» **EXERCISE**:
Each line below should be repeated exactly as written, with no pictures carried over.

┌────────

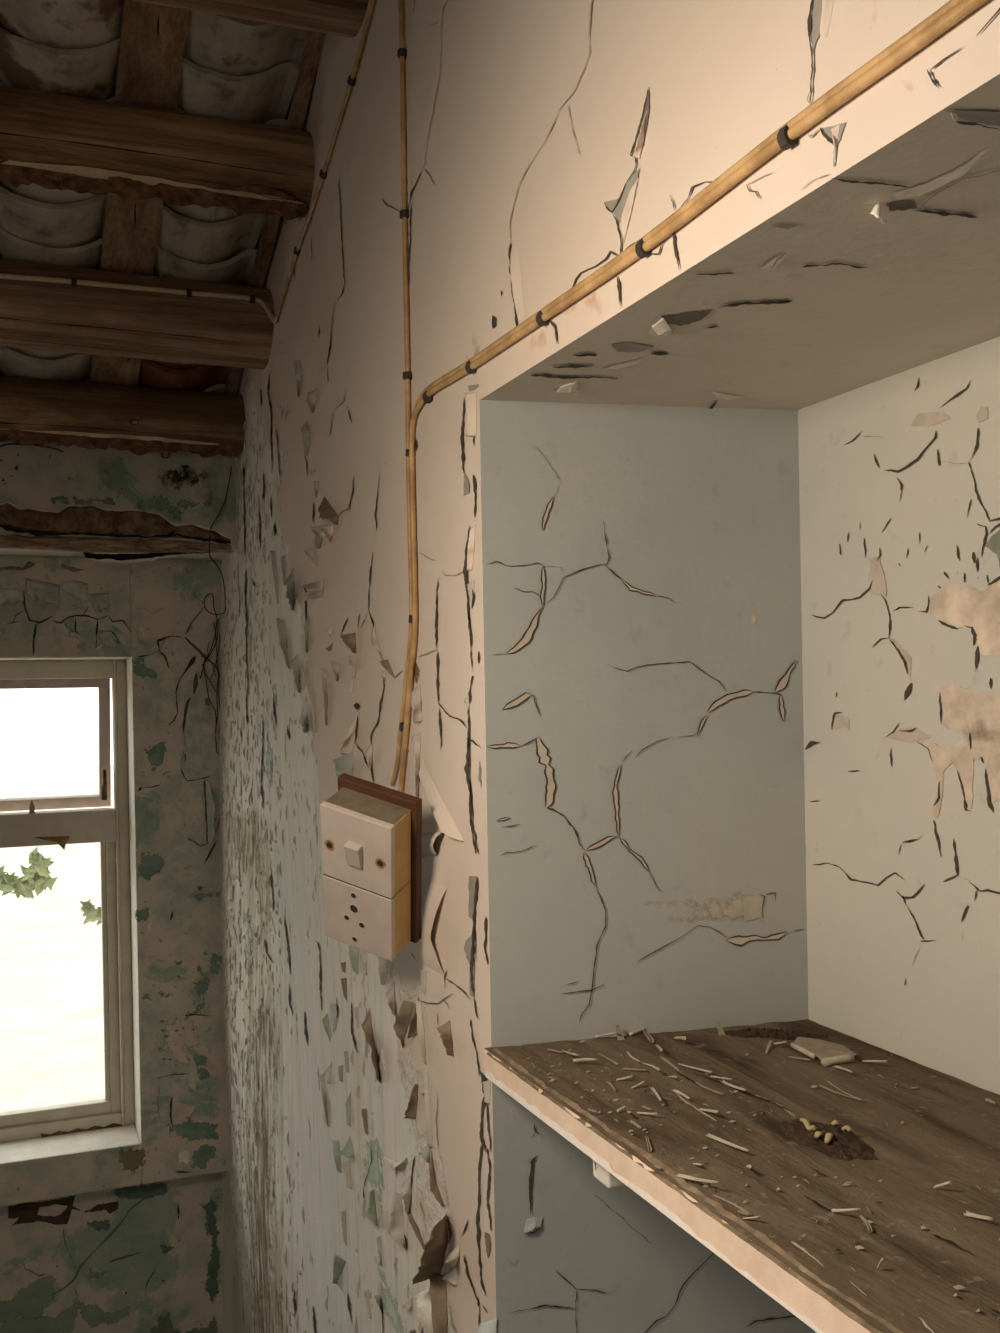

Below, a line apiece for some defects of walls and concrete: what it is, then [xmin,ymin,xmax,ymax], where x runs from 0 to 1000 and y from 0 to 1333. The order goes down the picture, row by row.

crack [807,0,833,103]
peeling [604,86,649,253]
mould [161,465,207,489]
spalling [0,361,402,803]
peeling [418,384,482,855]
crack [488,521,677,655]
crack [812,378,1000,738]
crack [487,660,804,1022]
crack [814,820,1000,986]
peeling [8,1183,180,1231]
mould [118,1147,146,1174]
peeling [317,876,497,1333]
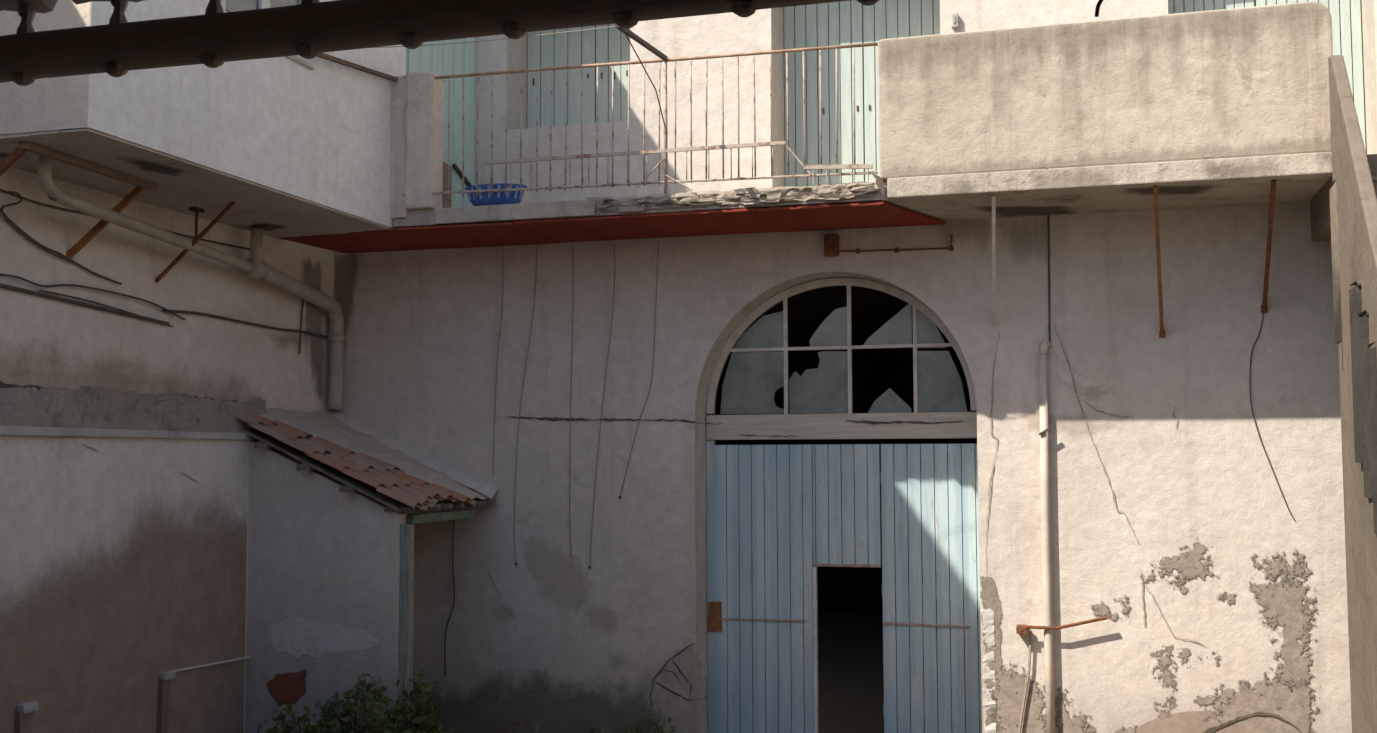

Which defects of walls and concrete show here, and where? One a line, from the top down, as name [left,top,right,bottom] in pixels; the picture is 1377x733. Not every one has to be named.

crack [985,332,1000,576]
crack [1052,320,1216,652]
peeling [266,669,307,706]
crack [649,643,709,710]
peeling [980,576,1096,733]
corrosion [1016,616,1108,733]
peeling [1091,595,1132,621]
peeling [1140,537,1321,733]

└────────

» **RESPONSE AREA**:
Below, a line apiece for some defects of walls and concrete: what it is, then [xmin,ymin,xmax,ymax], where x runs from 0 to 1000 and y from 0 to 1333. The order goes down the picture, row by row.

crack [807,0,833,103]
peeling [604,86,649,253]
mould [161,465,207,489]
spalling [0,361,402,803]
peeling [418,384,482,855]
crack [488,521,677,655]
crack [812,378,1000,738]
crack [487,660,804,1022]
crack [814,820,1000,986]
peeling [8,1183,180,1231]
mould [118,1147,146,1174]
peeling [317,876,497,1333]

Which defects of walls and concrete show here, and where? One a line, from the top down, as name [left,top,right,bottom] in pixels; the picture is 1377x733. Not every one has to be named.

crack [985,332,1000,576]
crack [1052,320,1216,652]
peeling [266,669,307,706]
crack [649,643,709,710]
peeling [980,576,1096,733]
corrosion [1016,616,1108,733]
peeling [1091,595,1132,621]
peeling [1140,537,1321,733]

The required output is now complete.